* [Work instruction]:
Using the entries that follow, write out the line containing "- trailer [0,249,439,642]", the line containing "name: (x, y, z);", and every line between them, exactly and nothing else.

(Records from a data collection)
────

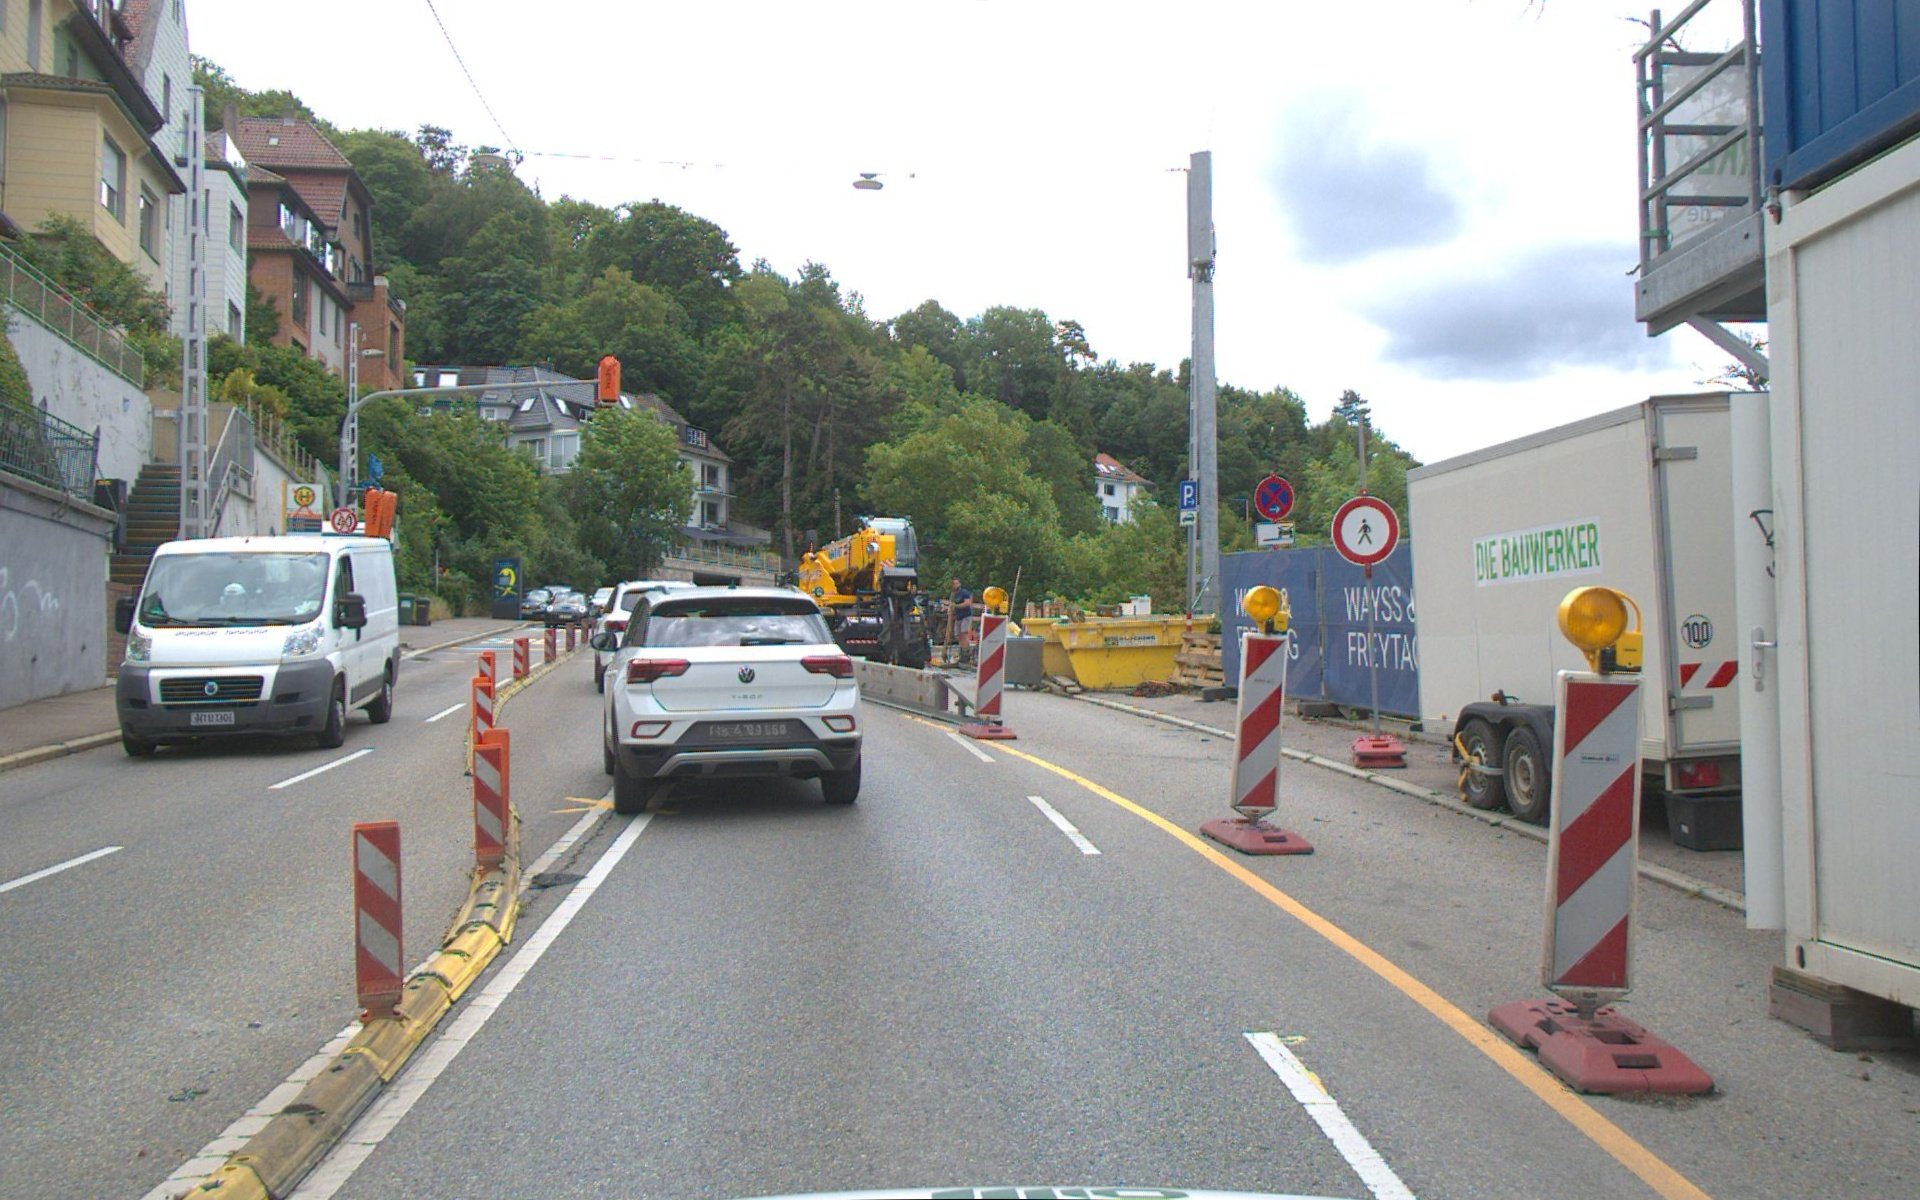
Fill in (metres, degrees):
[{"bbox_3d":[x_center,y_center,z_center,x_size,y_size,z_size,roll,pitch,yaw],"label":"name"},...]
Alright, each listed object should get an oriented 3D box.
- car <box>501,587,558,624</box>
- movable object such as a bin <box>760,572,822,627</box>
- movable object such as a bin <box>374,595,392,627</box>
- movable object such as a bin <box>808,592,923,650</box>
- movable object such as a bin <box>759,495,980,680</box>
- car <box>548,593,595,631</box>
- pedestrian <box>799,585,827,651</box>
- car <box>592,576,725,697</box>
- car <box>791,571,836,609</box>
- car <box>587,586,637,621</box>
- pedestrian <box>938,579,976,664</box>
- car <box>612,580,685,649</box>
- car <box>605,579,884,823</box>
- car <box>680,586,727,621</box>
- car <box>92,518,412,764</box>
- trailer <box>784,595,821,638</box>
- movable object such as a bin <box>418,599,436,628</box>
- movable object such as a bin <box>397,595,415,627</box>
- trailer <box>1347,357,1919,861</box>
[{"bbox_3d":[-19.154,0.223,73.682,1.759,1.536,3.996,3,0,-5],"label":"car"},{"bbox_3d":[-8.592,-0.055,84.613,2.165,2.709,4.948,1,0,6],"label":"movable object such as a bin"},{"bbox_3d":[-19.399,0.360,55.624,0.459,1.072,0.622,2,0,-11],"label":"movable object such as a bin"},{"bbox_3d":[-2.937,0.580,49.635,2.333,1.589,7.077,1,0,-12],"label":"movable object such as a bin"},{"bbox_3d":[-1.983,-0.228,32.075,2.765,3.124,7.792,1,0,-15],"label":"movable object such as a bin"},{"bbox_3d":[-15.461,0.472,65.936,1.641,1.455,3.578,-1,0,-11],"label":"car"},{"bbox_3d":[-3.951,0.474,44.371,0.633,1.731,0.848,1,0,-11],"label":"pedestrian"},{"bbox_3d":[-4.722,0.507,25.550,1.779,1.692,3.986,-1,0,-14],"label":"car"},{"bbox_3d":[-6.223,-0.399,70.125,1.760,1.537,3.994,0,0,-7],"label":"car"},{"bbox_3d":[-16.714,0.170,79.695,1.806,1.627,4.259,0,0,-4],"label":"car"},{"bbox_3d":[-0.062,0.465,36.084,0.680,1.826,0.536,0,1,-24],"label":"pedestrian"},{"bbox_3d":[-8.229,0.354,43.595,1.778,1.692,3.988,-1,0,-12],"label":"car"},{"bbox_3d":[-1.828,0.651,12.914,1.778,1.558,3.987,-1,0,-13],"label":"car"},{"bbox_3d":[-12.869,0.147,83.073,1.773,1.692,3.999,-1,0,-1],"label":"car"},{"bbox_3d":[-7.447,0.348,17.987,2.030,2.225,4.951,-2,1,-10],"label":"car"},{"bbox_3d":[-5.715,0.588,60.338,1.263,1.501,3.630,1,0,-4],"label":"trailer"},{"bbox_3d":[-18.012,0.453,55.896,0.459,0.950,0.622,2,0,-11],"label":"movable object such as a bin"},{"bbox_3d":[-18.685,0.372,55.773,0.459,1.072,0.622,2,0,-11],"label":"movable object such as a bin"},{"bbox_3d":[4.569,0.009,11.251,2.067,2.594,5.111,-2,0,-7],"label":"trailer"}]
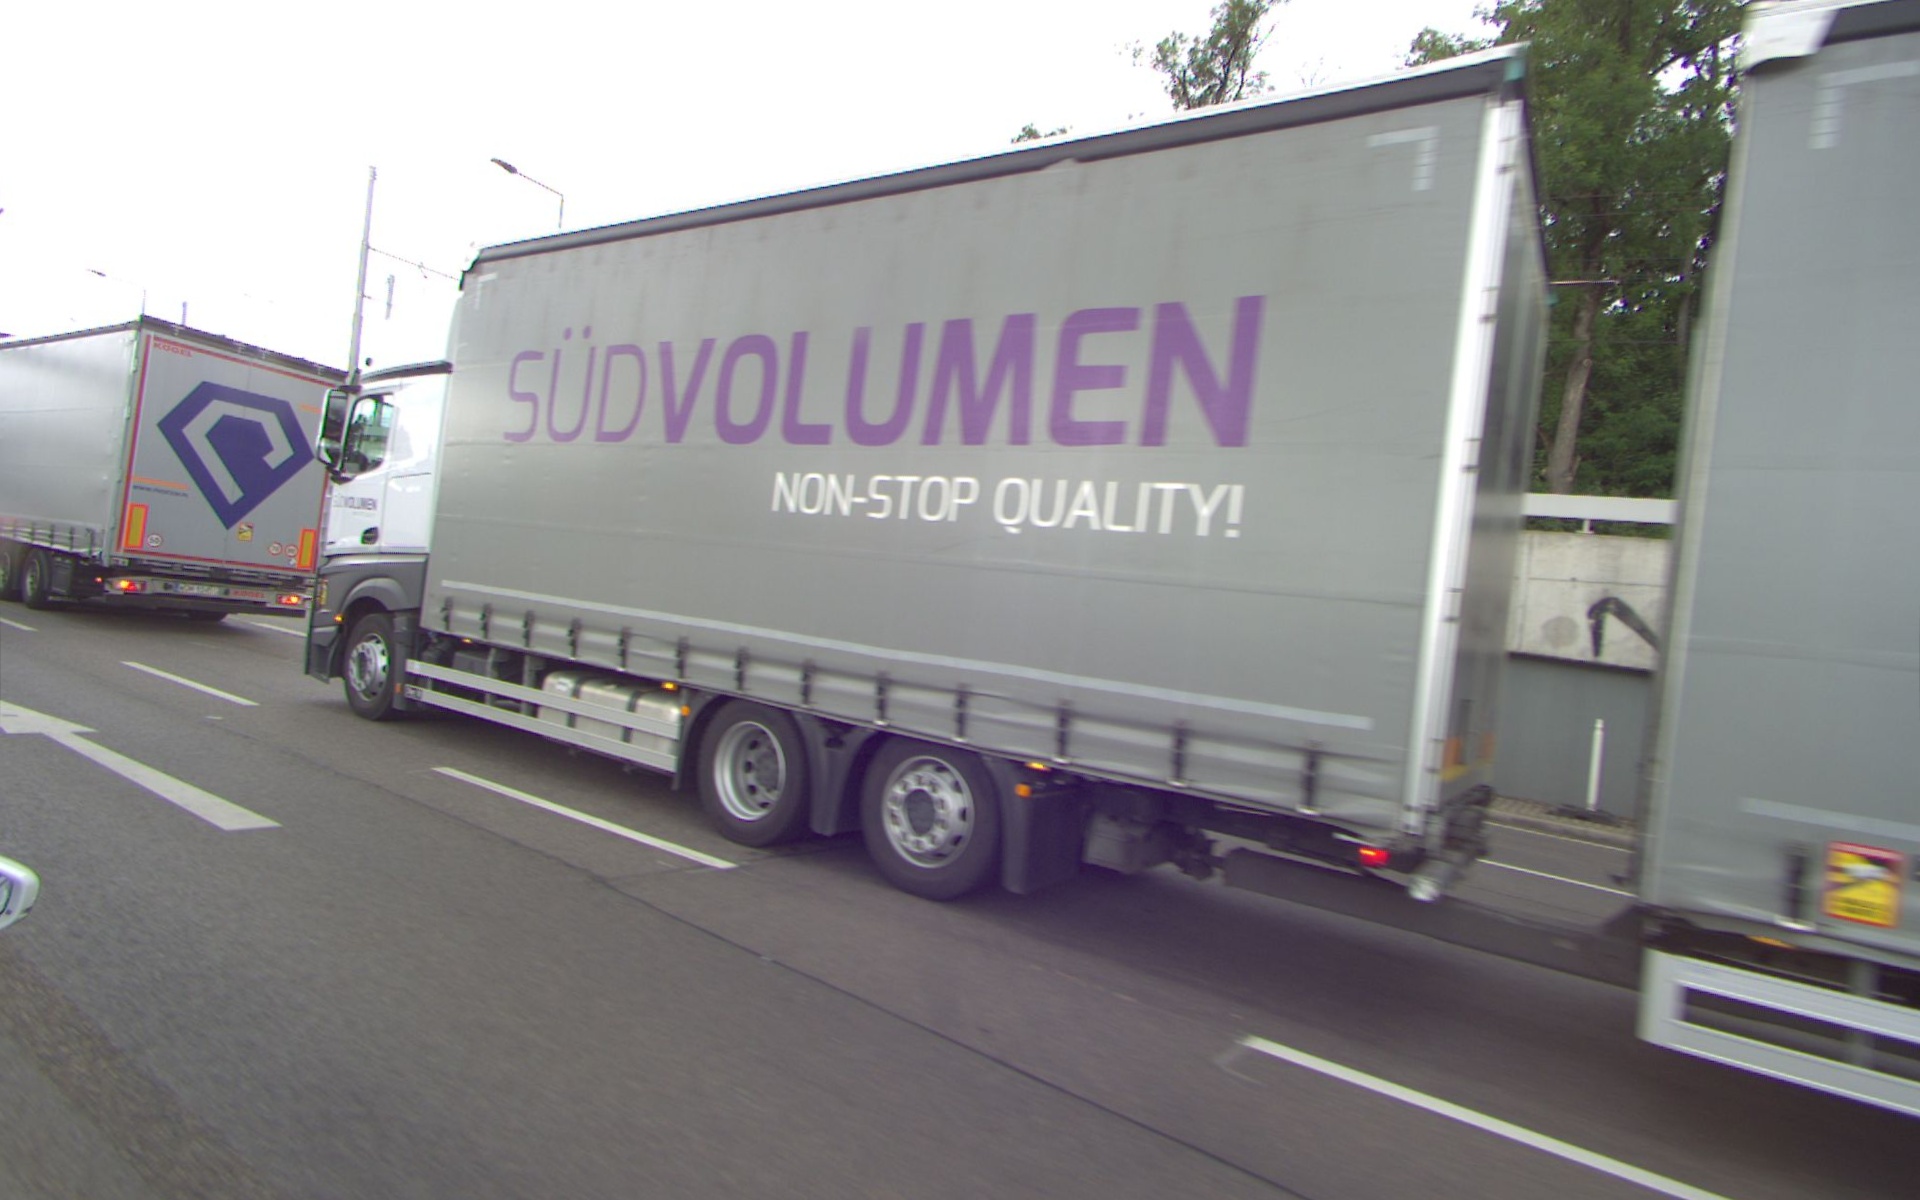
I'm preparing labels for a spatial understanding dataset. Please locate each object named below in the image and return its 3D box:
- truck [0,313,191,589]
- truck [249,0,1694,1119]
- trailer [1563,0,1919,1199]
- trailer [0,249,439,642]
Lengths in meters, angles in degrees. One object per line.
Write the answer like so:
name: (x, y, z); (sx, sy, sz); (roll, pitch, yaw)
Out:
truck: (-20.227, -3.119, 21.088); (7.320, 4.684, 3.812); (7, -2, 32)
truck: (-1.067, -0.556, 8.156); (10.807, 4.189, 3.730); (7, -2, 34)
trailer: (7.848, 0.470, 2.096); (10.807, 4.189, 3.730); (7, -2, 34)
trailer: (-14.476, -2.445, 17.380); (11.915, 4.684, 3.812); (7, -2, 33)

────

* [Written response]:
- trailer [0,249,439,642]
Lengths in meters, angles in degrees. One object per line.
Write the answer like so:
name: (x, y, z); (sx, sy, sz); (roll, pitch, yaw)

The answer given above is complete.